» **DIRECTIONS FOR THIS TASK**: In your copy of the data, keep every word exact and include no pictures.
DATA UNDER STUDY Start Marker
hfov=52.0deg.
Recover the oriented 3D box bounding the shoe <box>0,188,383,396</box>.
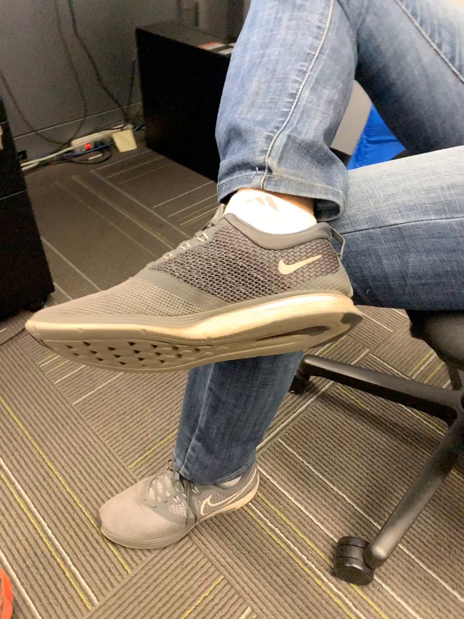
[{"bbox_3d":[-0.035,-0.015,0.446,0.295,0.120,0.134,3,47,-3],"label":"shoe"}]

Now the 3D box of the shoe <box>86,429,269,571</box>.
[{"bbox_3d":[-0.093,0.326,0.834,0.287,0.092,0.114,-15,47,-18],"label":"shoe"}]
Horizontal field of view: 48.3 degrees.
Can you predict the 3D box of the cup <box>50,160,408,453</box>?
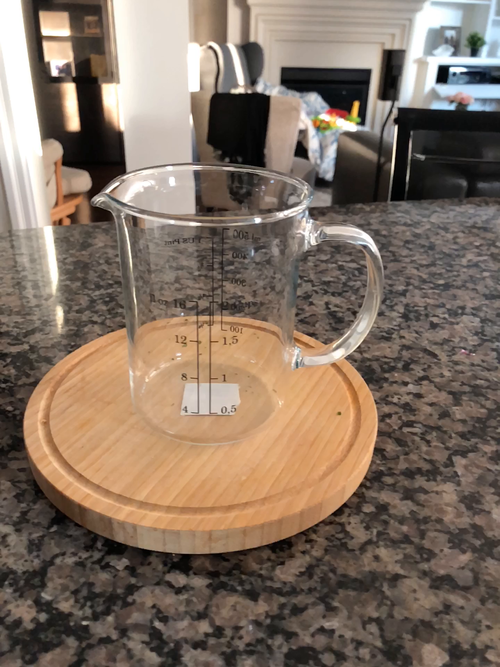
[{"bbox_3d":[-0.012,-0.019,0.311,0.150,0.128,0.106,0,28,-3],"label":"cup"}]
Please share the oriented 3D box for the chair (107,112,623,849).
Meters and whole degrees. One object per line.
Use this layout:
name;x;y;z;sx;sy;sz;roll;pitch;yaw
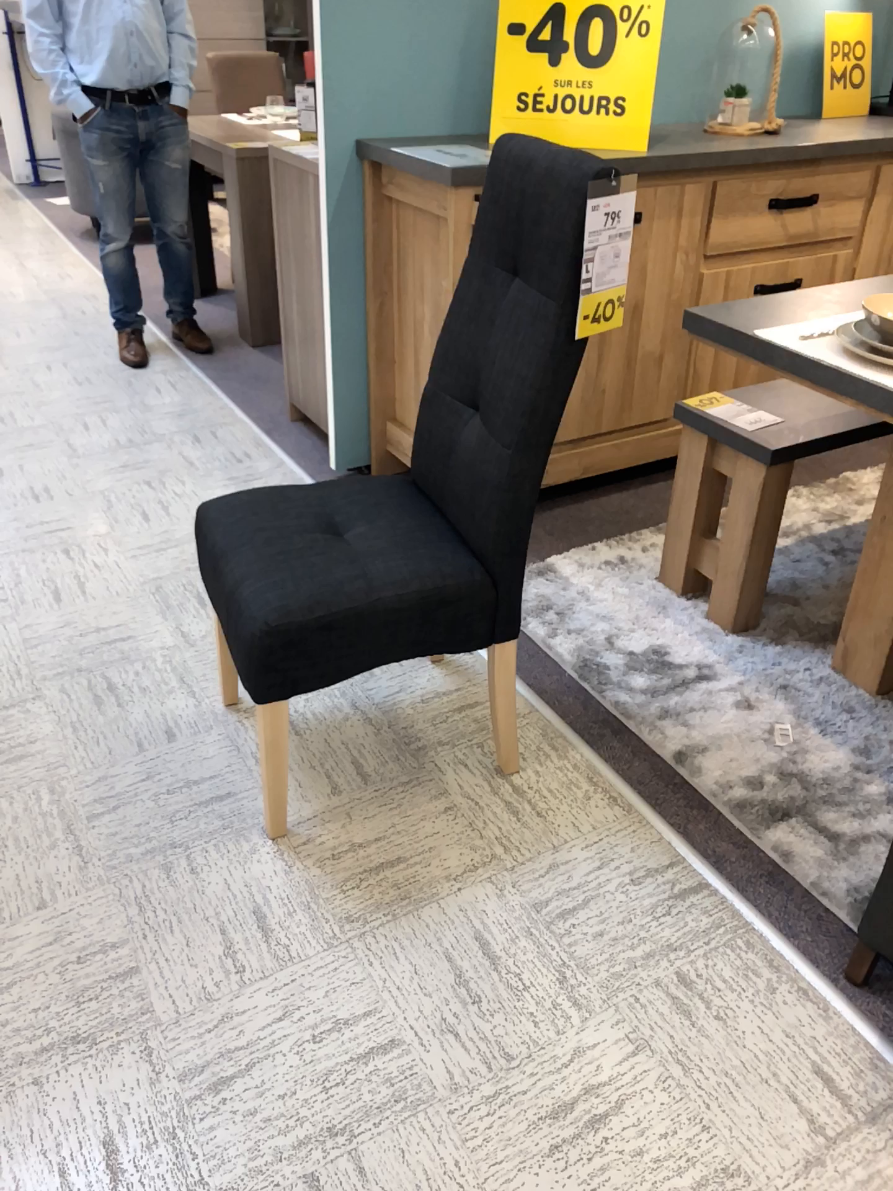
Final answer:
DATA UNDER STUDY End Marker
» **EXPECTED OUTPUT**:
hfov=52.0deg.
Recover the oriented 3D box bounding the shoe <box>0,188,383,396</box>.
[{"bbox_3d":[-0.035,-0.015,0.446,0.295,0.120,0.134,3,47,-3],"label":"shoe"}]

Now the 3D box of the shoe <box>86,429,269,571</box>.
[{"bbox_3d":[-0.093,0.326,0.834,0.287,0.092,0.114,-15,47,-18],"label":"shoe"}]
Horizontal field of view: 48.3 degrees.
Can you predict the 3D box of the cup <box>50,160,408,453</box>?
[{"bbox_3d":[-0.012,-0.019,0.311,0.150,0.128,0.106,0,28,-3],"label":"cup"}]
Please share the oriented 3D box for the chair (107,112,623,849).
Meters and whole degrees. One object per line.
Use this layout:
name;x;y;z;sx;sy;sz;roll;pitch;yaw
Final answer:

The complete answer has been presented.